### EXTRACTED DATA

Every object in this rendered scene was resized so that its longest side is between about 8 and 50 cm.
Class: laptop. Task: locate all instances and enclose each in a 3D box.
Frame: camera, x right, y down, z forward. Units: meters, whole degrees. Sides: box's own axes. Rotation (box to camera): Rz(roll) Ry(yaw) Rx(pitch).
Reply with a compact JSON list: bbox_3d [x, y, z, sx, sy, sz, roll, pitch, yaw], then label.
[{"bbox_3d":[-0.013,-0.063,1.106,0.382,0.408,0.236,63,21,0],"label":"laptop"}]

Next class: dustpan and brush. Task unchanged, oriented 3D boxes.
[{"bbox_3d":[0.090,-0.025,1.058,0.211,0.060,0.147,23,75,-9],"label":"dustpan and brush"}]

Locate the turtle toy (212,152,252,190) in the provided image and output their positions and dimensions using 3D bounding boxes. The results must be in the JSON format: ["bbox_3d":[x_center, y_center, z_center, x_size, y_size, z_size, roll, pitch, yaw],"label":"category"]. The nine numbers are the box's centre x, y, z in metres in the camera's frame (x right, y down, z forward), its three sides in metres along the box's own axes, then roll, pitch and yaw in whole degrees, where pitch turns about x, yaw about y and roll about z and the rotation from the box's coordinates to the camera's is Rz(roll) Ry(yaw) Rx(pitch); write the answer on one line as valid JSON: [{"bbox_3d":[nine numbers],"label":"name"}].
--
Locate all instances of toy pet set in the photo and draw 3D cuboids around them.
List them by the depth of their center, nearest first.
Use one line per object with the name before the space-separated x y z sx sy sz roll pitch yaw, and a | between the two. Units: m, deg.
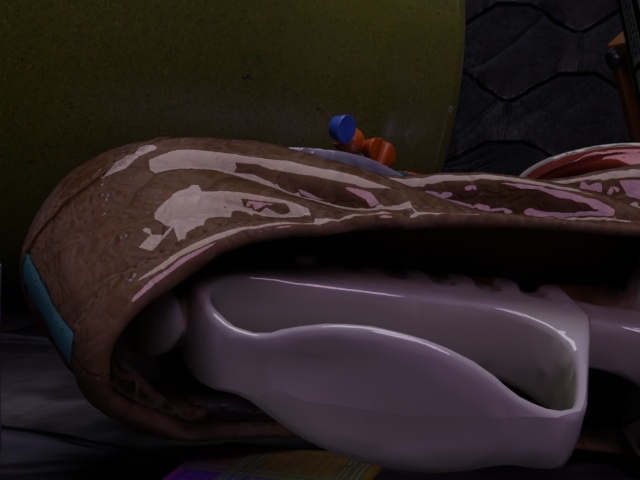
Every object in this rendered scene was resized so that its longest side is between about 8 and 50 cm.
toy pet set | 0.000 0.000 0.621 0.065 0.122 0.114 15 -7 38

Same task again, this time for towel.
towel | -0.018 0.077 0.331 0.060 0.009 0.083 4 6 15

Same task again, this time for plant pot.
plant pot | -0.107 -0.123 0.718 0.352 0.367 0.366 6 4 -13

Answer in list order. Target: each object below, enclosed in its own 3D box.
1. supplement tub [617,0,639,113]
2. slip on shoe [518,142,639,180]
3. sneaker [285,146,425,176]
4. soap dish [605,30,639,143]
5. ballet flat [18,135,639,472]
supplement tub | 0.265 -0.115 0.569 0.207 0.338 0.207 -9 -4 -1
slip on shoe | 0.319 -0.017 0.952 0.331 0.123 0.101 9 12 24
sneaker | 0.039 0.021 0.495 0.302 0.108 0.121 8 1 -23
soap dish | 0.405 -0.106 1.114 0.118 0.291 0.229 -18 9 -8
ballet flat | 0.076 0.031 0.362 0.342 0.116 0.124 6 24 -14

### WHAT THE TASK ASKS
What is needed is an exact copy of the lines above from the one with "Locate all instances of" to the one with "4. soap dish [605,30,639,143]", both ends kept, and nothing more; please leave the pictures out.

### ANSWER FOR THE TASK
Locate all instances of toy pet set in the photo and draw 3D cuboids around them.
List them by the depth of their center, nearest first.
Use one line per object with the name before the space-separated x y z sx sy sz roll pitch yaw, and a | between the two. Units: m, deg.
Every object in this rendered scene was resized so that its longest side is between about 8 and 50 cm.
toy pet set | 0.000 0.000 0.621 0.065 0.122 0.114 15 -7 38

Same task again, this time for towel.
towel | -0.018 0.077 0.331 0.060 0.009 0.083 4 6 15

Same task again, this time for plant pot.
plant pot | -0.107 -0.123 0.718 0.352 0.367 0.366 6 4 -13

Answer in list order. Target: each object below, enclosed in its own 3D box.
1. supplement tub [617,0,639,113]
2. slip on shoe [518,142,639,180]
3. sneaker [285,146,425,176]
4. soap dish [605,30,639,143]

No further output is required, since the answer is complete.